87 Por bairros de barracas entende-se os assentamentos urbanos de caráter muito precário, construídos geralmente com materiais de reciclagem (chapas, papelão ou plástico).

88 Em espanhol “Ministério de la Vivienda”.

89 Em espanhol “polígonos de vivienda”.

No entanto, o problema não foi solucionado, mas aumentou na década seguinte, porque a imigração aumentou. Se entre 1950 e 1960 haviam chegado à Catalunha em torno de 440.000 pessoas - 65% das quais à cidade de Barcelona -, no qüinqüênio 61-65, só a área de Barcelona recebeu 300.000 imigrantes e uma tendência similar prosseguiu até o ano 1973. A diferença mais importante entre os dois qüinqüênios foi a saturação da cidade de Barcelona: no qüinqüênio 61-65 recebeu 50% dos imigrantes da área metropolitana, enquanto que em 65-70 baixou para 44%. Por este motivo, foi necessário buscar solo disponível para a construção de novas moradias nos municípios do entorno.

A sensibilidade social quanto ao tema do barraquismo foi aumentando, sobretudo tendo em conta que a partir de 1962, com o andamento dos Planos de Desenvolvimento, o Estado espanhol conheceu um período de notável auge econômico. A Prefeitura de Barcelona reativou o Patronato Municipal de la Vivienda, enquanto se colocava em marcha, em nível federal, os planos de absorção do barraquismo. A Comissão de Urbanismo de Barcelona desenvolveu um plano em várias fases, entre os anos 1965-1972. Foi construído um importante número de polígonos destinados a barraquistas ou a pessoas que, a causa da construção de importantes obras de infra-estrutura deviam ser desalojadas de suas casas. A construção se realizou tanto em Barcelona como em municípios da periferia, através de uma atuação chamada Unidades de Absorção de Vizinhança - UVA -, nome este referente à absorção de barraquistas.
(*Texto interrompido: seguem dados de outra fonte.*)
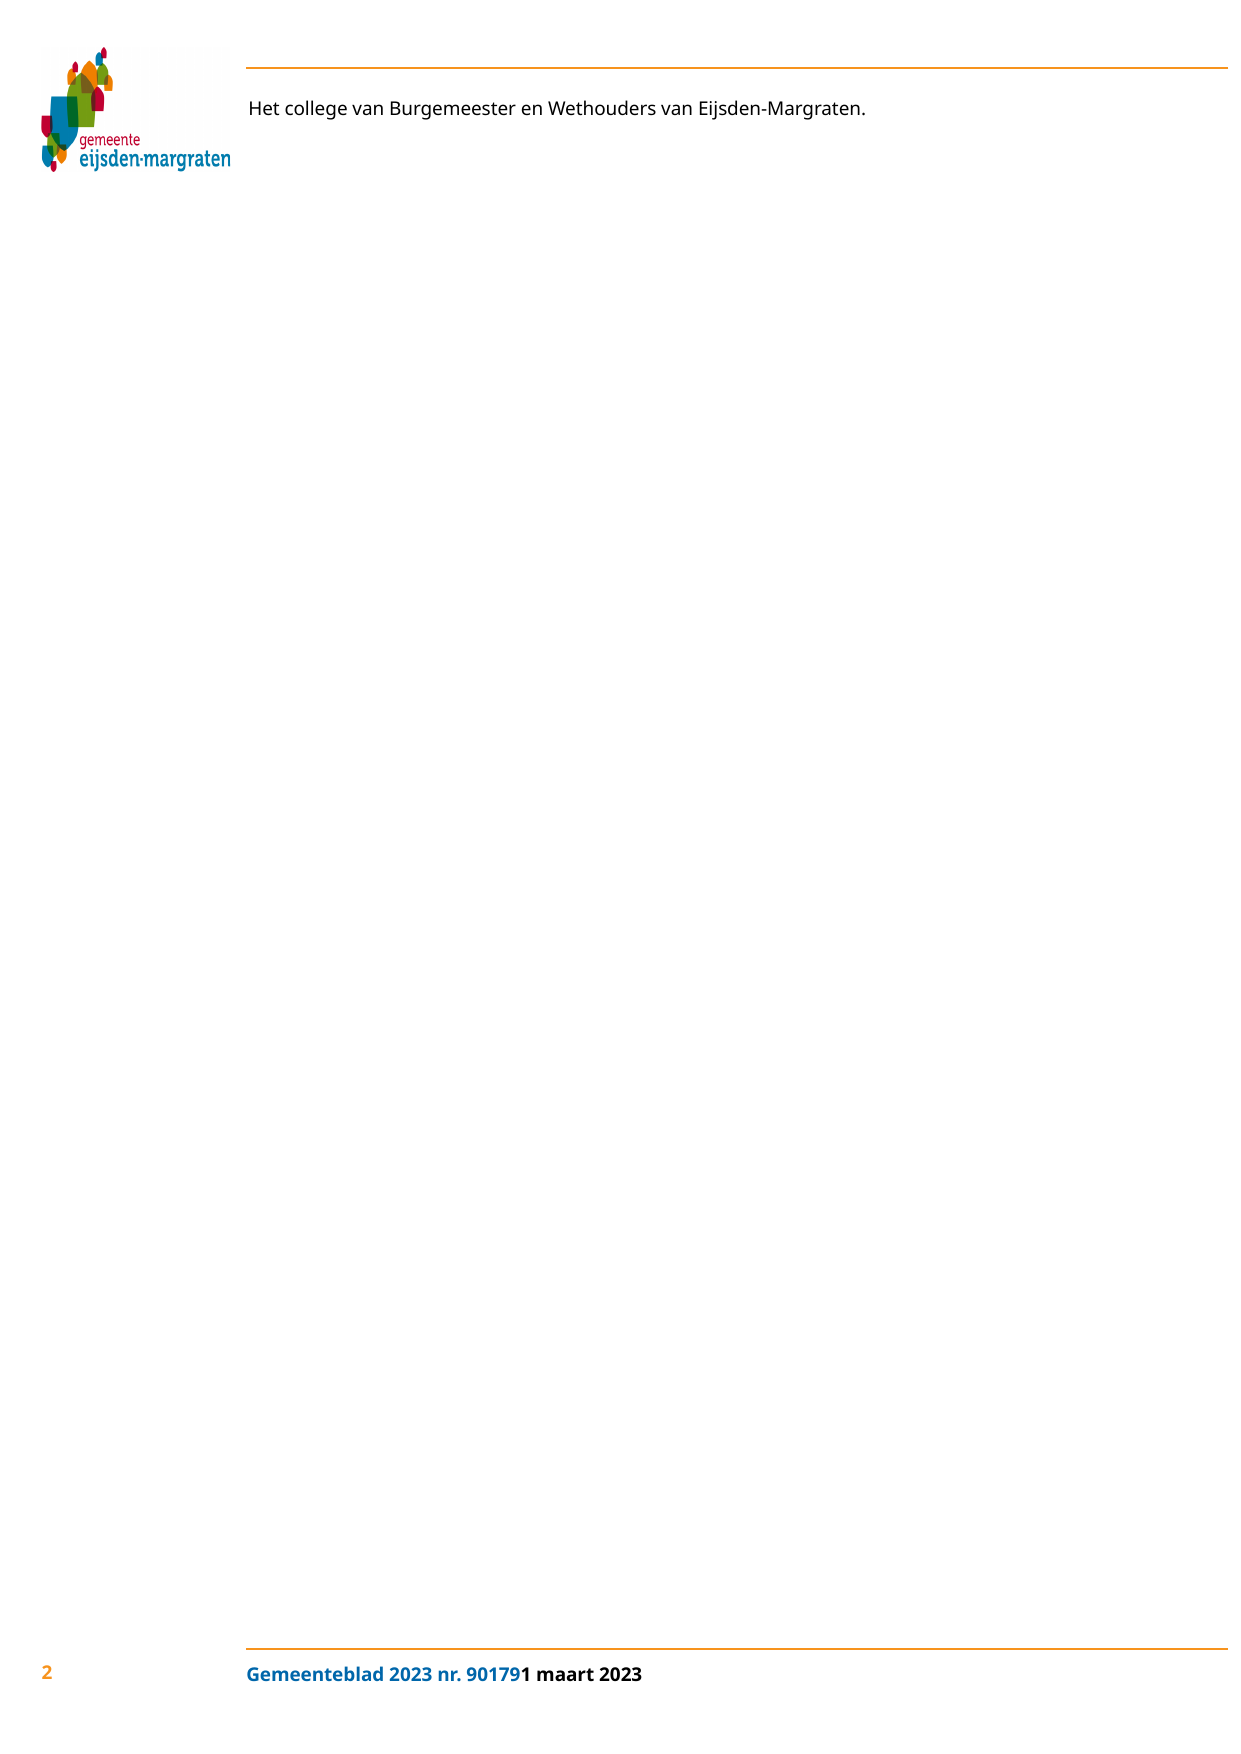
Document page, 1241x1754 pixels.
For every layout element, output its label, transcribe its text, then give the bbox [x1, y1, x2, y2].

text Het college van Burgemeester en Wethouders van Eijsden-Margraten. [248, 95, 1152, 121]
picture [41, 47, 231, 172]
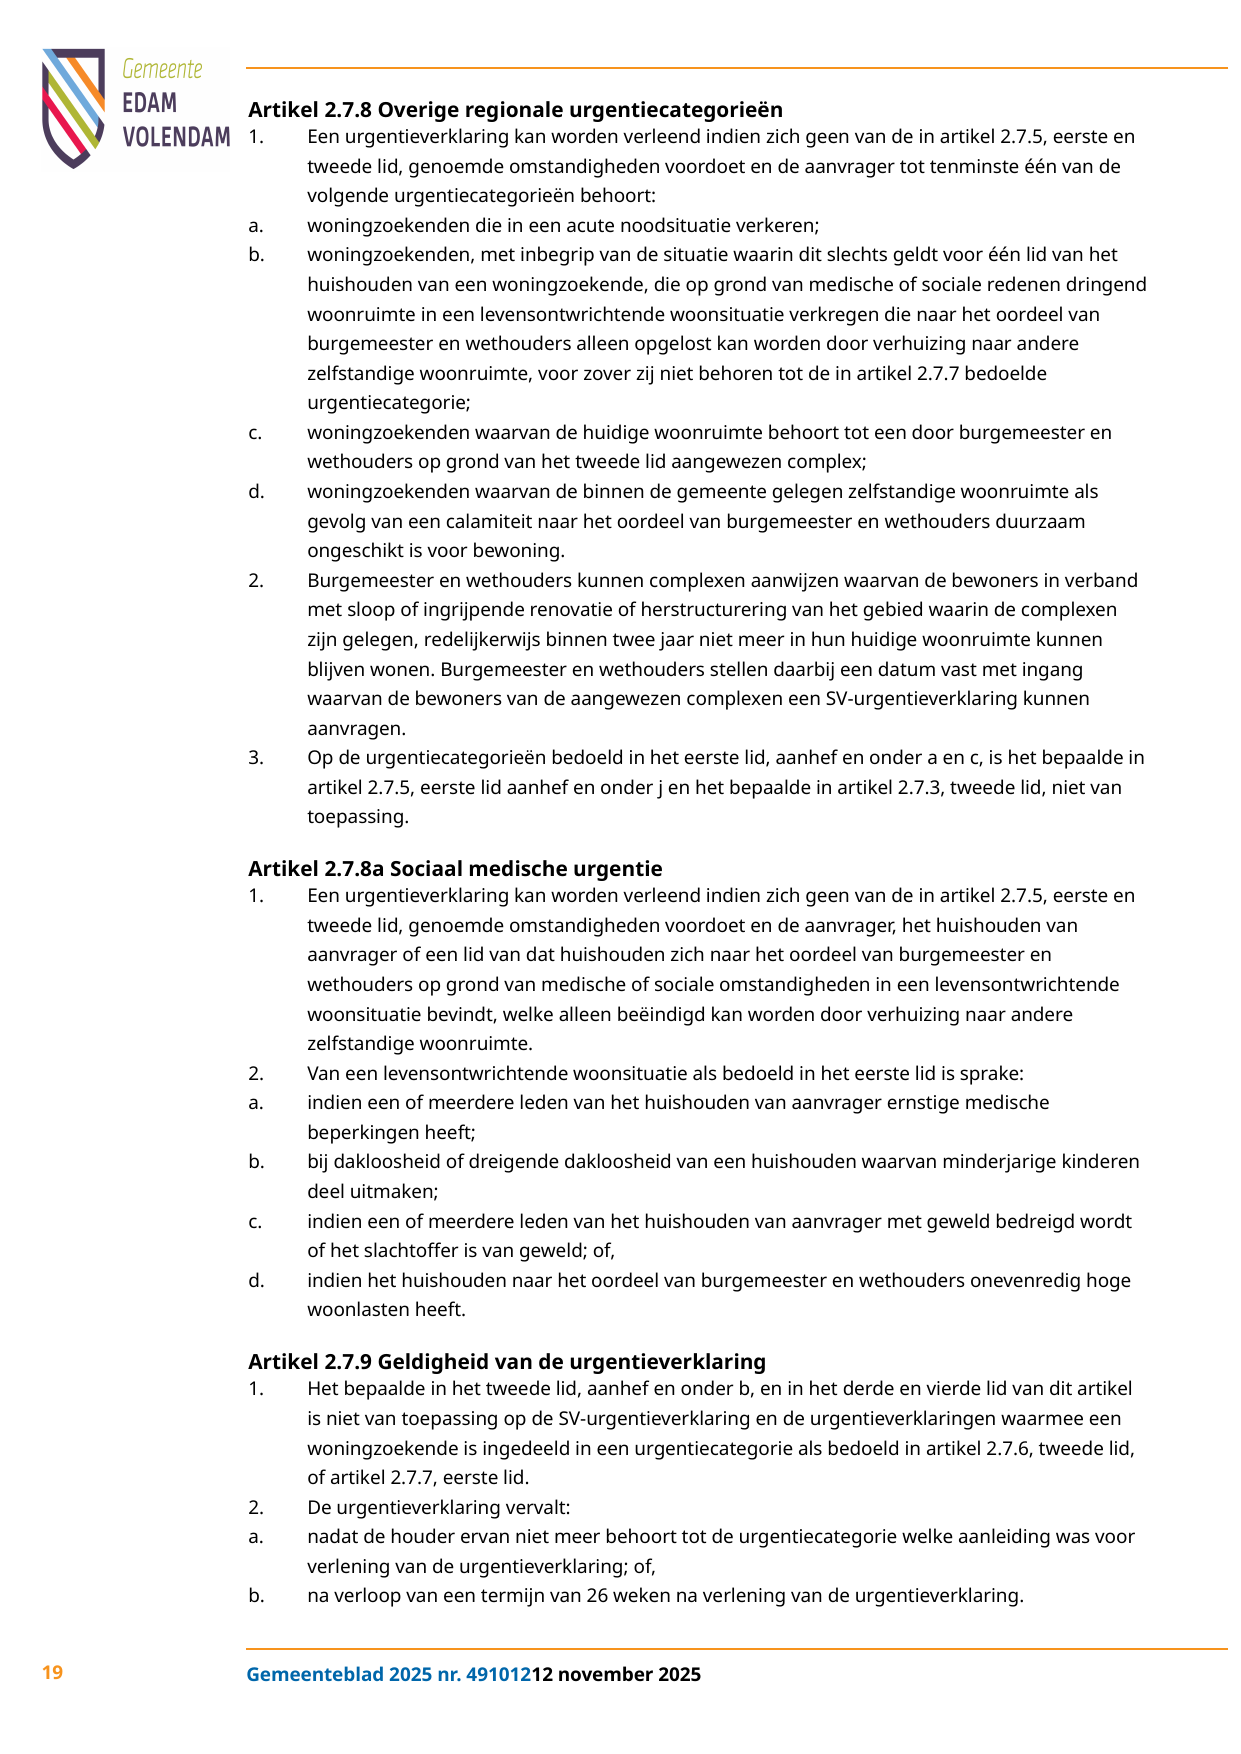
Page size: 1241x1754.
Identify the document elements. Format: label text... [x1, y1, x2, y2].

list woningzoekenden waarvan de binnen de gemeente gelegen zelfstandige woonruimte als gevolg van een calamiteit naar het oordeel van burgemeester en wethouders duurzaam ongeschikt is voor bewoning. [248, 478, 1152, 563]
list De urgentieverklaring vervalt: [248, 1494, 1152, 1519]
list Een urgentieverklaring kan worden verleend indien zich geen van de in artikel 2.7.5, eerste en tweede lid, genoemde omstandigheden voordoet en de aanvrager, het huishouden van aanvrager of een lid van dat huishouden zich naar het oordeel van burgemeester en wethouders op grond van medische of sociale omstandigheden in een levensontwrichtende woonsituatie bevindt, welke alleen beëindigd kan worden door verhuizing naar andere zelfstandige woonruimte. [248, 882, 1152, 1056]
text Artikel 2.7.8a Sociaal medische urgentie [248, 854, 1152, 882]
list woningzoekenden waarvan de huidige woonruimte behoort tot een door burgemeester en wethouders op grond van het tweede lid aangewezen complex; [248, 419, 1152, 474]
picture [41, 47, 231, 172]
list na verloop van een termijn van 26 weken na verlening van de urgentieverklaring. [248, 1583, 1152, 1608]
text Artikel 2.7.8 Overige regionale urgentiecategorieën [248, 95, 1152, 123]
list Op de urgentiecategorieën bedoeld in het eerste lid, aanhef en onder a en c, is het bepaalde in artikel 2.7.5, eerste lid aanhef en onder j en het bepaalde in artikel 2.7.3, tweede lid, niet van toepassing. [248, 744, 1152, 829]
list Van een levensontwrichtende woonsituatie als bedoeld in het eerste lid is sprake: [248, 1060, 1152, 1086]
text Artikel 2.7.9 Geldigheid van de urgentieverklaring [248, 1347, 1152, 1376]
list indien het huishouden naar het oordeel van burgemeester en wethouders onevenredig hoge woonlasten heeft. [248, 1267, 1152, 1322]
list Burgemeester en wethouders kunnen complexen aanwijzen waarvan de bewoners in verband met sloop of ingrijpende renovatie of herstructurering van het gebied waarin de complexen zijn gelegen, redelijkerwijs binnen twee jaar niet meer in hun huidige woonruimte kunnen blijven wonen. Burgemeester en wethouders stellen daarbij een datum vast met ingang waarvan de bewoners van de aangewezen complexen een SV-urgentieverklaring kunnen aanvragen. [248, 567, 1152, 741]
list indien een of meerdere leden van het huishouden van aanvrager met geweld bedreigd wordt of het slachtoffer is van geweld; of, [248, 1208, 1152, 1263]
list Het bepaalde in het tweede lid, aanhef en onder b, en in het derde en vierde lid van dit artikel is niet van toepassing op de SV-urgentieverklaring en de urgentieverklaringen waarmee een woningzoekende is ingedeeld in een urgentiecategorie als bedoeld in artikel 2.7.6, tweede lid, of artikel 2.7.7, eerste lid. [248, 1376, 1152, 1490]
list indien een of meerdere leden van het huishouden van aanvrager ernstige medische beperkingen heeft; [248, 1089, 1152, 1145]
list nadat de houder ervan niet meer behoort tot de urgentiecategorie welke aanleiding was voor verlening van de urgentieverklaring; of, [248, 1523, 1152, 1579]
list woningzoekenden, met inbegrip van de situatie waarin dit slechts geldt voor één lid van het huishouden van een woningzoekende, die op grond van medische of sociale redenen dringend woonruimte in een levensontwrichtende woonsituatie verkregen die naar het oordeel van burgemeester en wethouders alleen opgelost kan worden door verhuizing naar andere zelfstandige woonruimte, voor zover zij niet behoren tot de in artikel 2.7.7 bedoelde urgentiecategorie; [248, 242, 1152, 415]
list bij dakloosheid of dreigende dakloosheid van een huishouden waarvan minderjarige kinderen deel uitmaken; [248, 1149, 1152, 1204]
list Een urgentieverklaring kan worden verleend indien zich geen van de in artikel 2.7.5, eerste en tweede lid, genoemde omstandigheden voordoet en de aanvrager tot tenminste één van de volgende urgentiecategorieën behoort: [248, 123, 1152, 208]
list woningzoekenden die in een acute noodsituatie verkeren; [248, 212, 1152, 238]

Em 1973, o Patronato Municipal de la Vivienda de Barcelona declarava o barraquismo erradicado da cidade. Esta afirmação não era 100% certa mas, em boa medida, se podia considerar verdadeira. Apenas cabe assinalar, para finalizar, que muito de acordo com a situação política do momento, a erradicação de barracas e destinação de novas moradias se fizeram “a dedo”, sem nenhuma participação das pessoas afetadas: muitas delas foram transferidas contra sua vontade e alojadas às vezes em locais muito distantes de seus antigos núcleos de relação ou de trabalho.

À parte destes bairros de barracas, de caráter muito precário, também se levantaram durante todo este período em Barcelona e seu entorno metropolitano outras construções de caráter irregular, ainda que sem chegar aos níveis tão elevados de precariedade nem de sordidez. Estas moradias se situaram sobre solos de caráter mais claramente urbanos, ainda que de expectativas não consolidadas. Em alguns casos existiam títulos de propriedade do lote, ainda que em muitos outros não houvesse nenhum documento a comprovasse. Por outro lado, muitas destas moradias foram melhorando relativamente em dois aspectos: a melhoria da edificação em razão do incremento da renda do núcleo familiar (principalmente a partir do trabalho dos filhos), e a disponibilidade de serviços municipais como esgoto, recolha de lixo e transporte público.

Com tudo isso, se chegou a pensar que estas moradias tinham um nível mínimo de habitabilidade, ou estavam muito pouco abaixo dele, de maneira que não foram objeto das sucessivas atuações dos planos de erradicação do barraquismo durante o período da ditadura franquista.

No entanto, chegou um momento na metade dos anos 70, coincidindo com a mudança de regime político (período da redemocratização), em que sua evolução ficou paralisada, seja pelo elevado custo das obras, ou porque não estavam habitadas pelo

seu proprietário, mas por seu locatário, com pouco interesse em melhorias, ou também pela incerteza de seu futuro ante a constatação da maior disciplina urbanística e das possíveis mudanças para sua regularização. Assim, apesar de que em meados dos anos 70 já não houvesse graves problemas de habitação em Barcelona, constituíram-se periferias pobres e constituíram-sem qualidade urbana.